## Records provided
---------------

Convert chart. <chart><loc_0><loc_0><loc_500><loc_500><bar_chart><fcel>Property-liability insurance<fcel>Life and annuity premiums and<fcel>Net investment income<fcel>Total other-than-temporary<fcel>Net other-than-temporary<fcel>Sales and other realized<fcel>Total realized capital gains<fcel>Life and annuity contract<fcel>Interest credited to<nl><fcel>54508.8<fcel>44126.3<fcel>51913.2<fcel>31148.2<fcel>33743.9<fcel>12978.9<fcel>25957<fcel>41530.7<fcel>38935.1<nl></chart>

---------------

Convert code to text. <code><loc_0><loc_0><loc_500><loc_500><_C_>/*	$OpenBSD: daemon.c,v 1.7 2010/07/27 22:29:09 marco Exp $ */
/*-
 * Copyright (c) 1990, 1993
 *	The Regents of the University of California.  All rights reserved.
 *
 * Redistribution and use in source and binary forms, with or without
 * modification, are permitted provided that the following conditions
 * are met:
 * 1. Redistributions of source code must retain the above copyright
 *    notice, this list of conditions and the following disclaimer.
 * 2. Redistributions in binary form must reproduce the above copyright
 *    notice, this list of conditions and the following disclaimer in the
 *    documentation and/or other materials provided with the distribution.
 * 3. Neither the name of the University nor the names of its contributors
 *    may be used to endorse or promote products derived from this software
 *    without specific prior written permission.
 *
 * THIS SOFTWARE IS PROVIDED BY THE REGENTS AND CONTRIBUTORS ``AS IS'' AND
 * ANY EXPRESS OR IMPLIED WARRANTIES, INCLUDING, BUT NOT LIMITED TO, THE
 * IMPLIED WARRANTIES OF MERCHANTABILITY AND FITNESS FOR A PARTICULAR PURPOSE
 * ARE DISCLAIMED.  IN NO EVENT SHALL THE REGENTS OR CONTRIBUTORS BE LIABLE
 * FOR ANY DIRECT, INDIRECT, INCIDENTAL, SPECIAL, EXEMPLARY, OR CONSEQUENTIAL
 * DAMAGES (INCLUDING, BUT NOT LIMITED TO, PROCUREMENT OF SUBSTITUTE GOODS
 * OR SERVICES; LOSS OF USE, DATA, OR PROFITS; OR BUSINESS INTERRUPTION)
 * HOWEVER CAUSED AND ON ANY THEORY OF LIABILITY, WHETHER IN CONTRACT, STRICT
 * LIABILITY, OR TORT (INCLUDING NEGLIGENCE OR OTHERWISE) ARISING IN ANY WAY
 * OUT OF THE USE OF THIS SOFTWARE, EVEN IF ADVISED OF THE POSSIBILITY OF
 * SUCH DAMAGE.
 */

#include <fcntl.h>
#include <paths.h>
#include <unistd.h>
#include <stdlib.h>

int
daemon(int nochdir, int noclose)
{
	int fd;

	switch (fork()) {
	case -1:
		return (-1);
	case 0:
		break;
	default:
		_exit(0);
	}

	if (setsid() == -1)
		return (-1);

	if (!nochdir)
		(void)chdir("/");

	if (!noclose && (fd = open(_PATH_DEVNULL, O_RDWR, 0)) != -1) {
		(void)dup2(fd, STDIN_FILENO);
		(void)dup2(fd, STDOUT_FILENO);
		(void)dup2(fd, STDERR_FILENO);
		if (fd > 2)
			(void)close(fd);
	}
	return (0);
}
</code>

---------------

## Task goal
Show all lines in the entries above where the word "noclose" appears.

## Expected answer
daemon(int nochdir, int noclose)
	if (!noclose && (fd = open(_PATH_DEVNULL, O_RDWR, 0)) != -1) {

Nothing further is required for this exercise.